Adheesh Sathaye is an Associate Professor of Sanskrit Literature and Folklore at UBC. He specializes in Sanskrit literary culture, focusing on ideas of performance, narrativity, and vernacularity across a diverse range of genres, from epic and puranic literature to poetry, folktales, and theatre.
Tulika Singh is a PhD Candidate at the University of Alberta, writing her dissertation on concepts of bodies and disabilities in early South Asia under the supervision of Prof.
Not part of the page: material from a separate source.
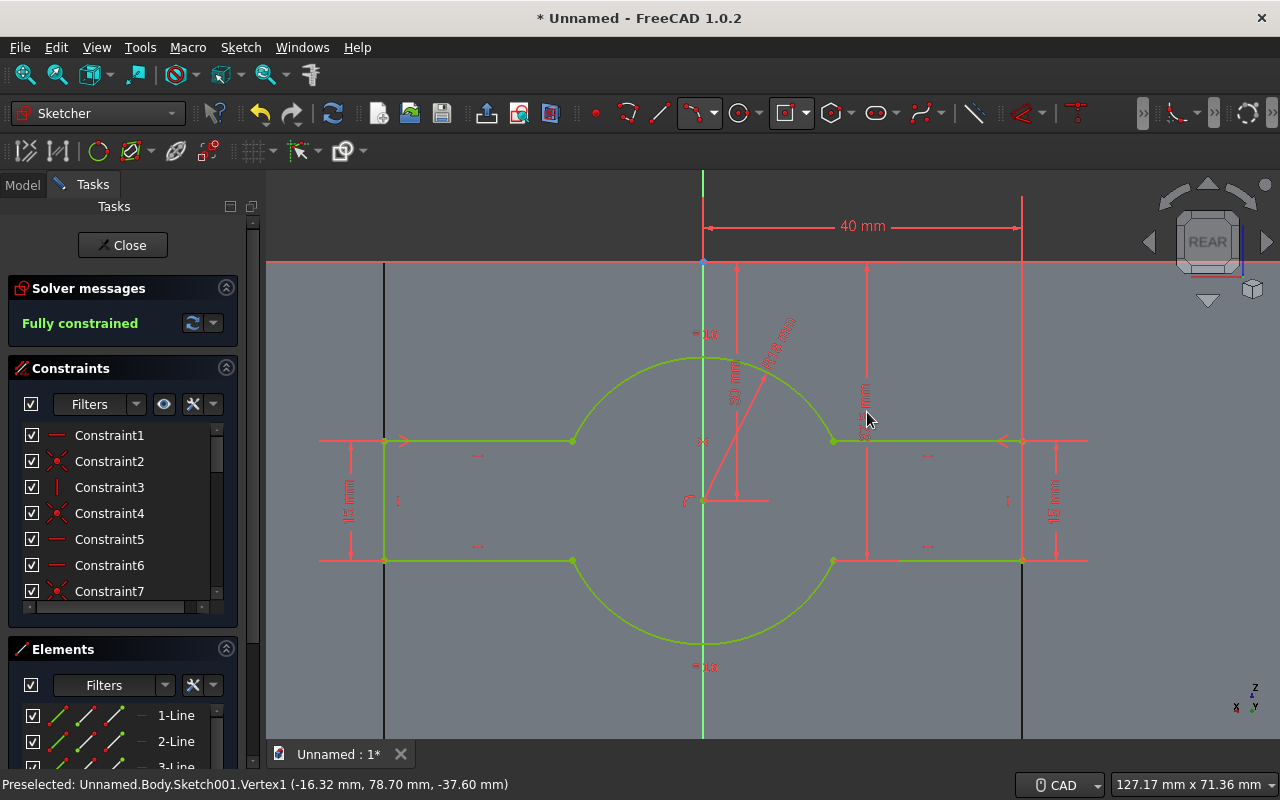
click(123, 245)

Dagmar Wujastyk. Tulika’s research interests include the social, cultural, medical, and disability history of premodern South Asia. Her doctoral project draws on textual and visual sources to examine how discourses on bodily disorders conceptualize “disability” in relation to class/caste, gender/sex, age, and religion based identities.
Dagmar Wujastyk is Associate Professor of South Asian Studies at the University of Alberta in the department of History, Classics, and Religion. She is trained as an Indologist specializing in the history and literature of classical India. Her research focuses on the history of medicine and alchemy in ancient and medieval India.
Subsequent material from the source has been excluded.